* Your goal: Show each line from the listing that includes the word "object".

* Dataset records:

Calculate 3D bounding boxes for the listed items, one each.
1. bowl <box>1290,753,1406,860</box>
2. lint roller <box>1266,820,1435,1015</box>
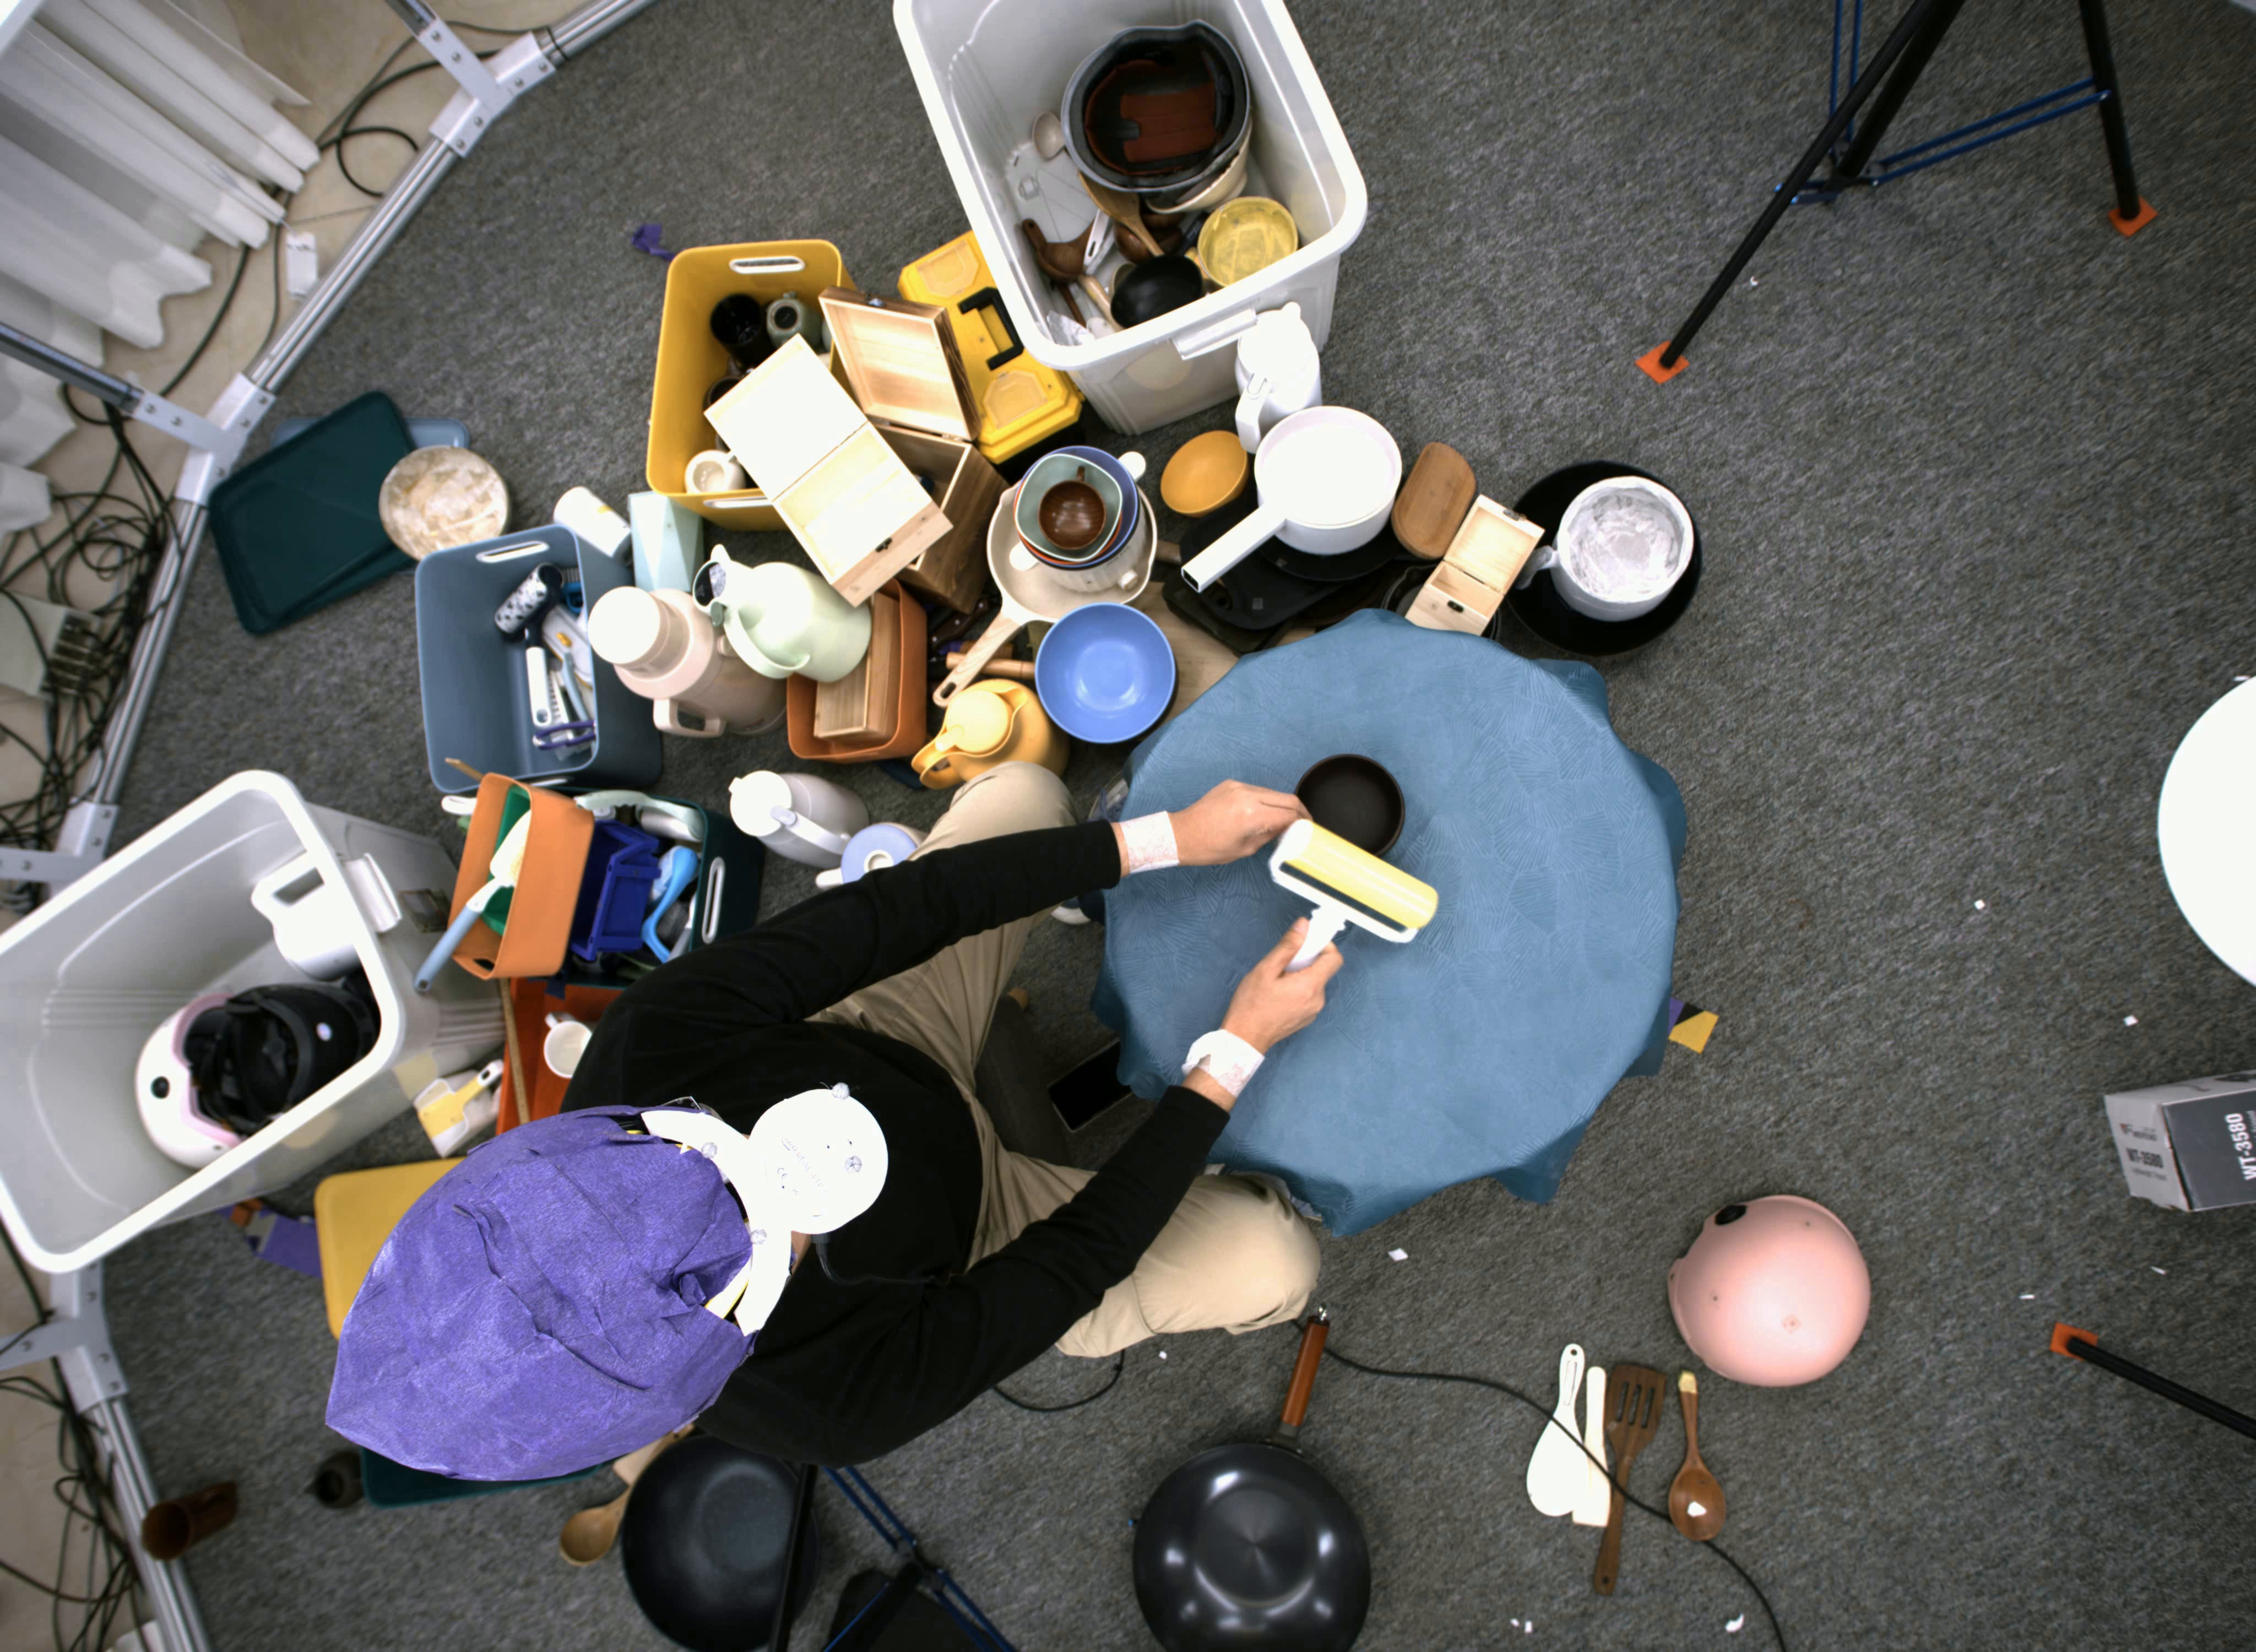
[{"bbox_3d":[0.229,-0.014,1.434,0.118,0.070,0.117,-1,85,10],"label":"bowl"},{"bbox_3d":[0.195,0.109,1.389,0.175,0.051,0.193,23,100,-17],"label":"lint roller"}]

* * *

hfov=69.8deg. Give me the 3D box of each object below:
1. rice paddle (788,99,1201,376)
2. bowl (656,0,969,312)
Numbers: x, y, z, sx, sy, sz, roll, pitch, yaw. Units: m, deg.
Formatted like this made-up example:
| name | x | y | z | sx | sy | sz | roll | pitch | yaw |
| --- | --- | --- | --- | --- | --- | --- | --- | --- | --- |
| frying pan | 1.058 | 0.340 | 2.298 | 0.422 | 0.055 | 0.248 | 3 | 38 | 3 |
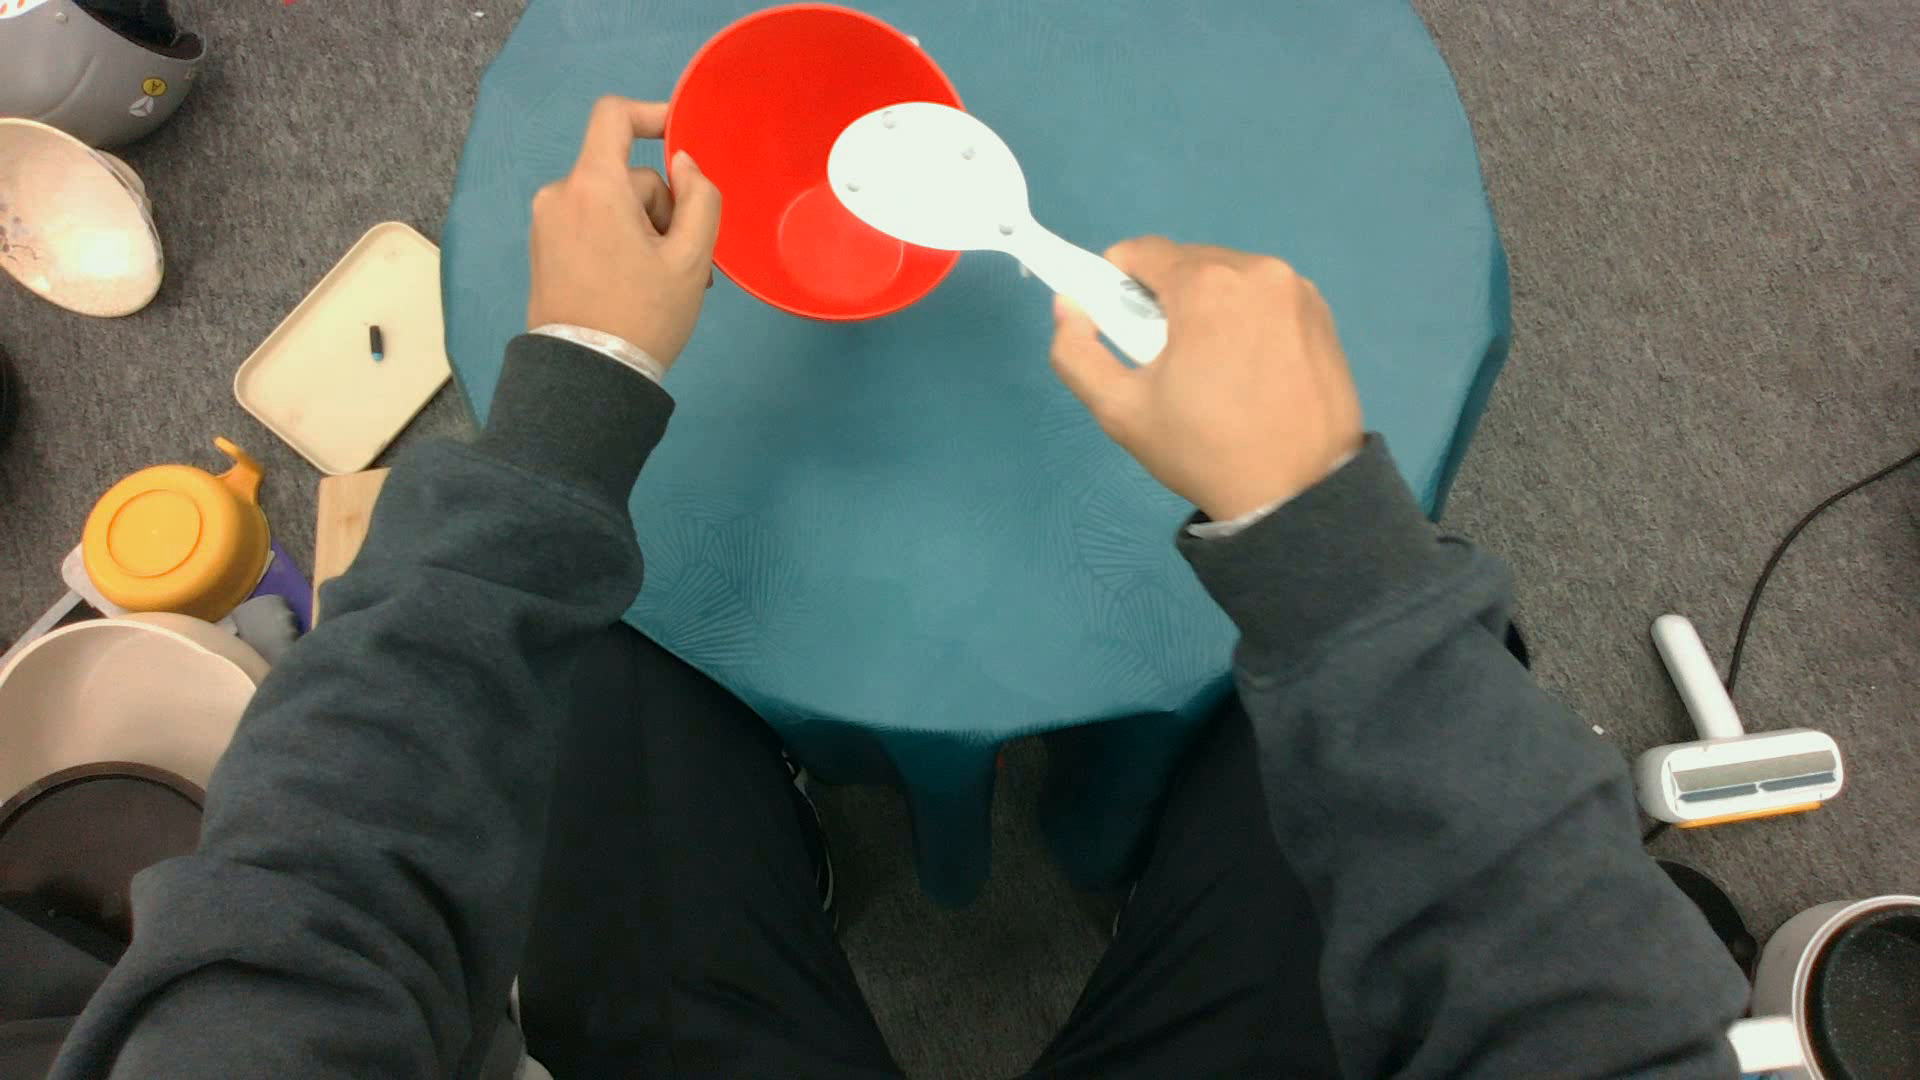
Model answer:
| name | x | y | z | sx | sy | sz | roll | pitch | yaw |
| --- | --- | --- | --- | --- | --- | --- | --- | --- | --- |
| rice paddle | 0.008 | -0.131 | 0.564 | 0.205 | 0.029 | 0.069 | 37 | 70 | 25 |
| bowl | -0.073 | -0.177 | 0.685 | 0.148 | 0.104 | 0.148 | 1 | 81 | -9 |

* * *

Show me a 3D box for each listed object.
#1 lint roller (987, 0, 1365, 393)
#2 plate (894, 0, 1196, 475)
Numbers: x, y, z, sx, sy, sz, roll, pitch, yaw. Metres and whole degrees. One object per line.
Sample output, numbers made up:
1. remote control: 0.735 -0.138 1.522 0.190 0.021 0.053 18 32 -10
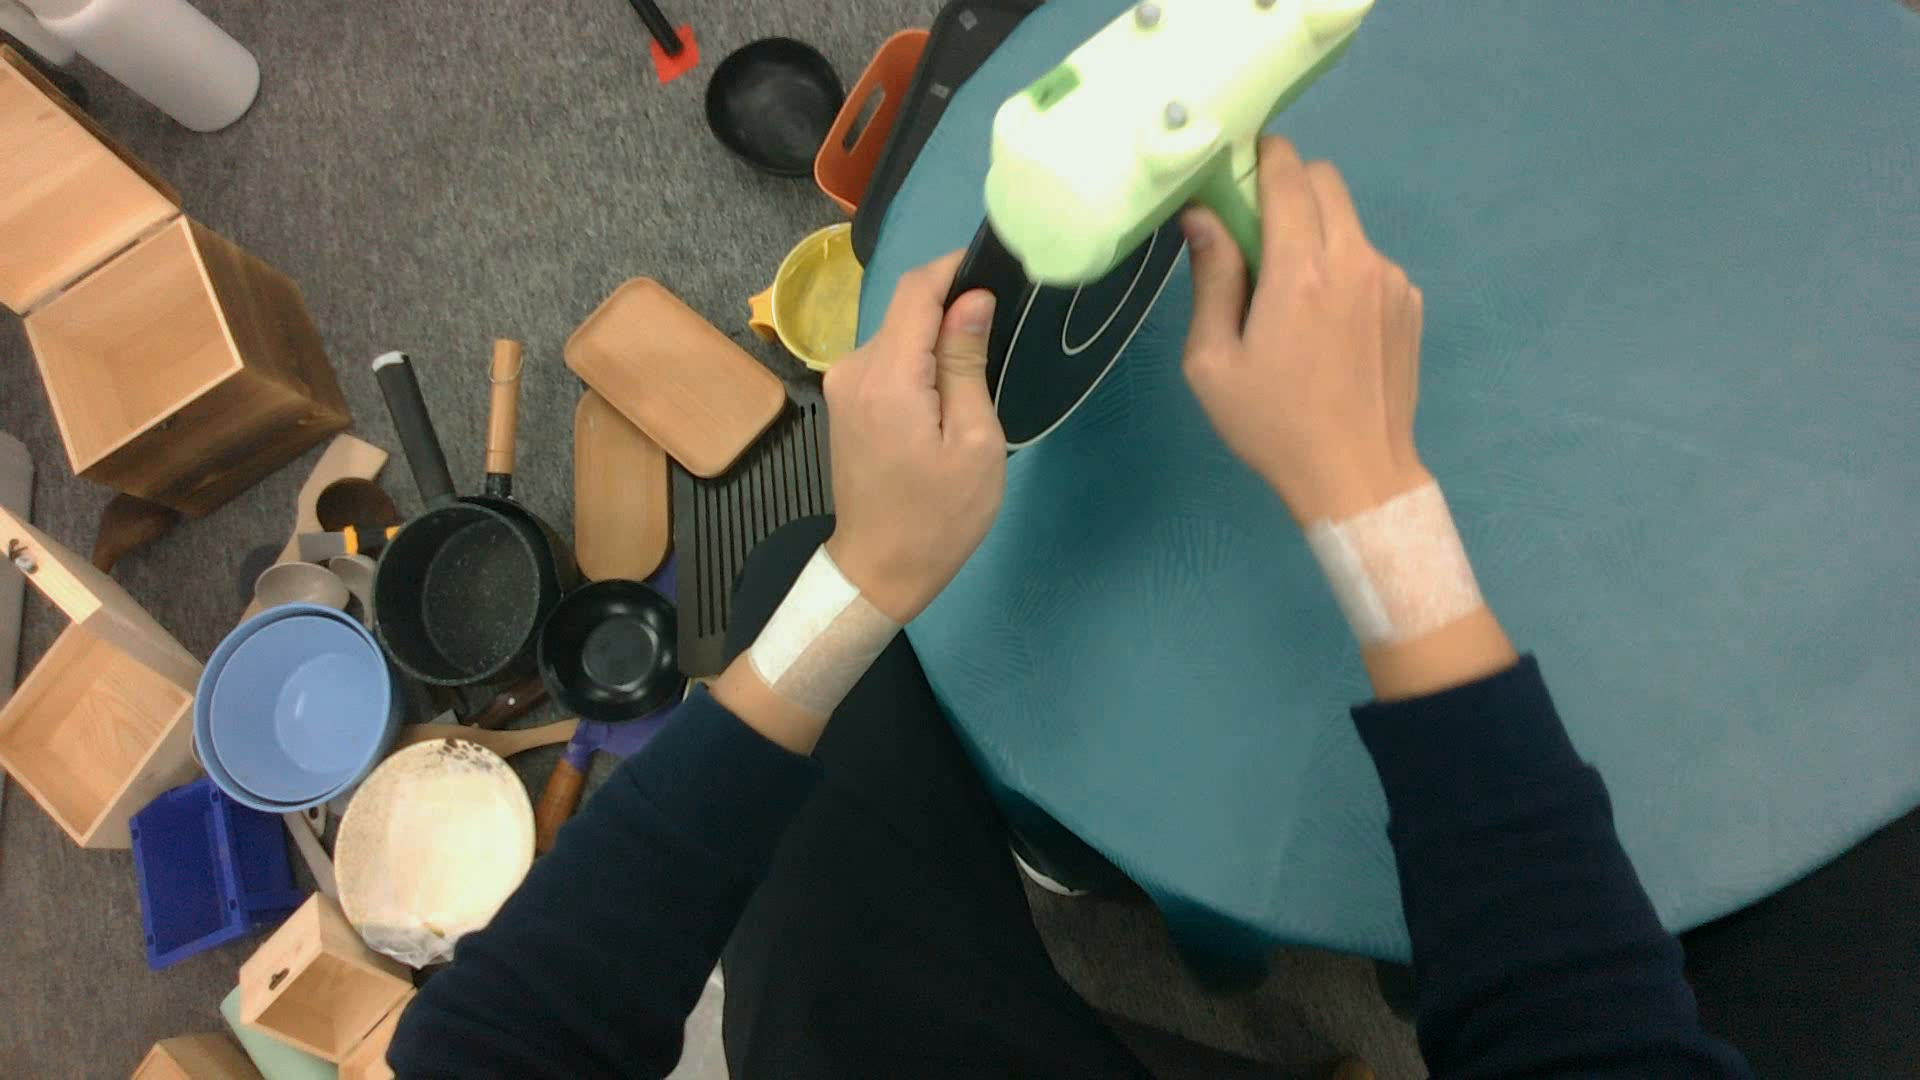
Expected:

* Answer for the task:
hfov=69.8deg. Give me the 3D box of each object below:
Show me a 3D box for each listed object.
Numbers: x, y, z, sx, sy, sz, roll, pitch, yaw. Metres and whole degrees. One object per line.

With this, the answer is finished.